Мы доели суп, ведя приятную беседу, и Мэтт встал из-за стола.

– Спасибо, мам. Было очень вкусно. Грейс, хочешь пойти в душ, пока я помогу убрать со стола?

– Да, спасибо. Но я тоже могу помочь.

– Не валяй дурака, Грейс. Мы справимся. – Алетта потрепала меня по плечу.

На выходе из столовой я заметила большое панно с фотографиями в деревянной раме. Мэтт проследил за моим взглядом. Там было много детских фото Мэтта и Алекса, детские рисунки, какие-то вышивки, поделки из глины и несколько черно-белых фотографий молодой Алетты, которая весело смеялась.

– Это я сделал, когда был маленький, – сказал Мэтт.

– Потрясающе, – я подошла рассмотреть получше, и Мэтт пошел за мной. – Она была твоей первой музой.

Я обернулась и взглянула в его темные прищуренные глаза.

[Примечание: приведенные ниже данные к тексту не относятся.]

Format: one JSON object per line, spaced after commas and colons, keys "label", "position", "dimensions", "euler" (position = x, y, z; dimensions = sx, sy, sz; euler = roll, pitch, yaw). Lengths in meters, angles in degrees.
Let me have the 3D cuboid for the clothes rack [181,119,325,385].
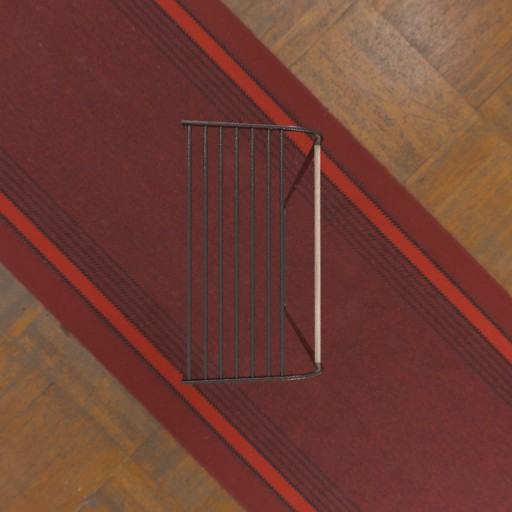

Все как будто на минуту застыло. Он смотрел на мои приоткрытые губы. Его пальцы пробежали по моей щеке. Их прикосновение к моей коже казалось божественным. Я задрожала.

– Это ты моя муза, Грейс.

Музыка, которой научил меня Орвин, вдруг охватила меня. Моя душа была полна ею, когда Мэтт наклонился к моим губам с нежным поцелуем.

Когда я проснулась утром, кровать со стороны Мэтта была пустой и холодной. Я выбралась в столовую. Алетта сидела за столом одна, пила кофе и задумчиво ела овсянку из широкой миски.

– Доброе утро, дорогая.

– Доброе утро, Алетта. А Мэтт уже ушел?

– Да, побежал по делам. Он не хотел тебя будить. Будешь овсянку?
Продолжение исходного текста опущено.